GA-DAN: Geometry-Aware Domain Adaptation Network for Scene Text Detection and Recognition
This work addresses domain adaptation for scene text tasks, offering a novel method that improves detection and recognition, but it is incremental as it builds on existing adversarial learning approaches.
The paper tackles the problem of cross-domain shifts in both geometry and appearance spaces for scene text detection and recognition by introducing GA-DAN, which uses a multi-modal spatial learning technique and disentangled cycle-consistency loss, resulting in superior performance with domain-adapted images in experiments.

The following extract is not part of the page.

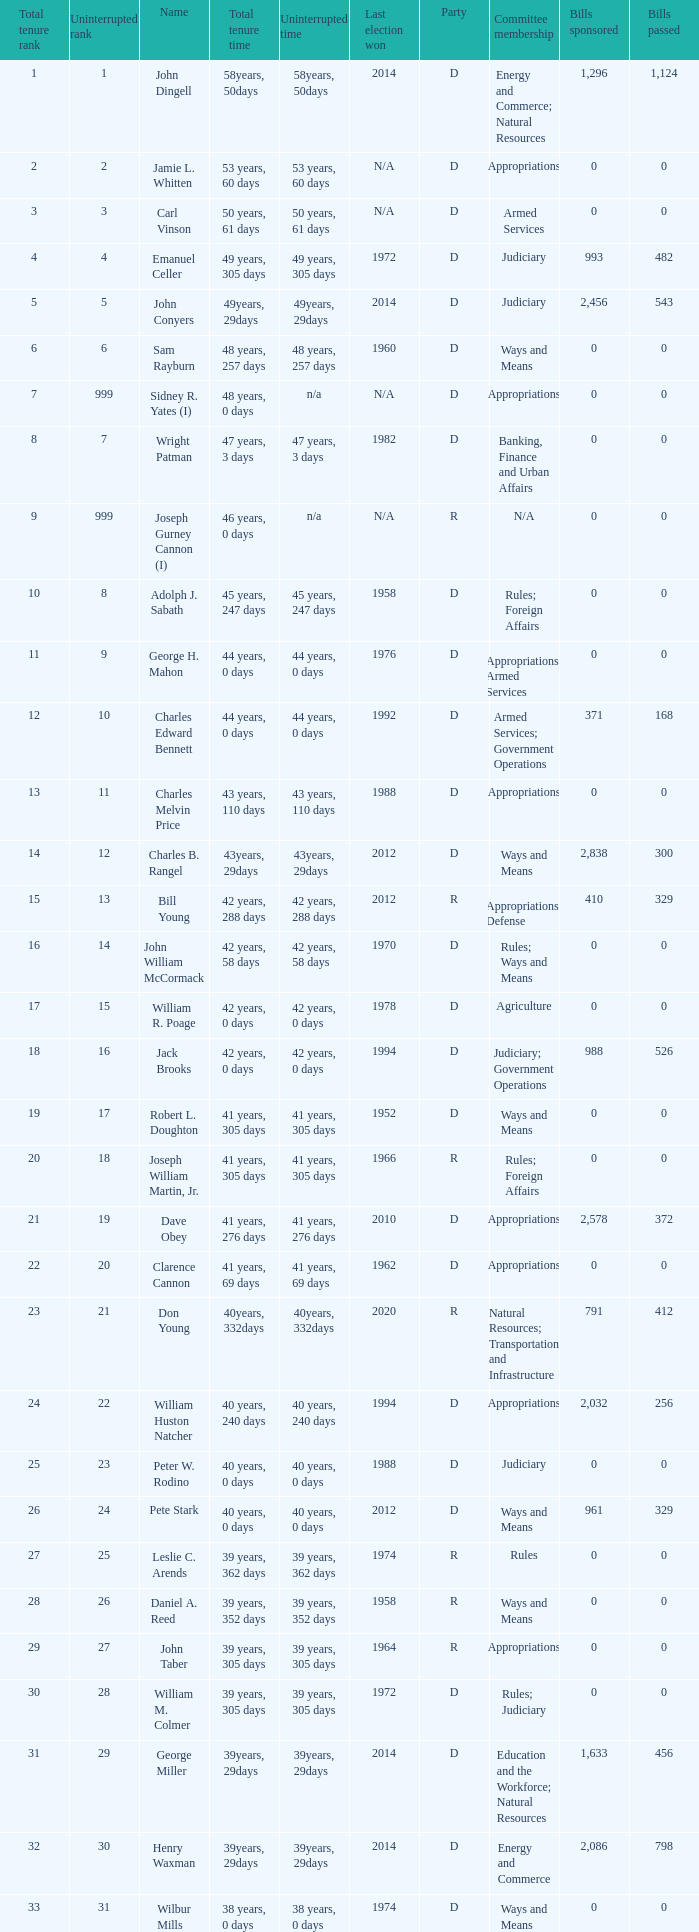Who has a total tenure time and uninterrupted time of 36 years, 0 days, as well as a total tenure rank of 49? James Oberstar.

Recent adversarial learning research has achieved very impressive progress for modelling cross-domain data shifts in appearance space but its counterpart in modelling cross-domain shifts in geometry space lags far behind. This paper presents an innovative Geometry-Aware Domain Adaptation Network (GA-DAN) that is capable of modelling cross-domain shifts concurrently in both geometry space and appearance space and realistically converting images across domains with very different characteristics. In the proposed GA-DAN, a novel multi-modal spatial learning technique is designed which converts a source-domain image into multiple images of different spatial views as in the target domain. A new disentangled cycle-consistency loss is introduced which balances the cycle consistency in appearance and geometry spaces and improves the learning of the whole network greatly. The proposed GA-DAN has been evaluated for the classic scene text detection and recognition tasks, and experiments show that the domain-adapted images achieve superior scene text detection and recognition performance while applied to network training.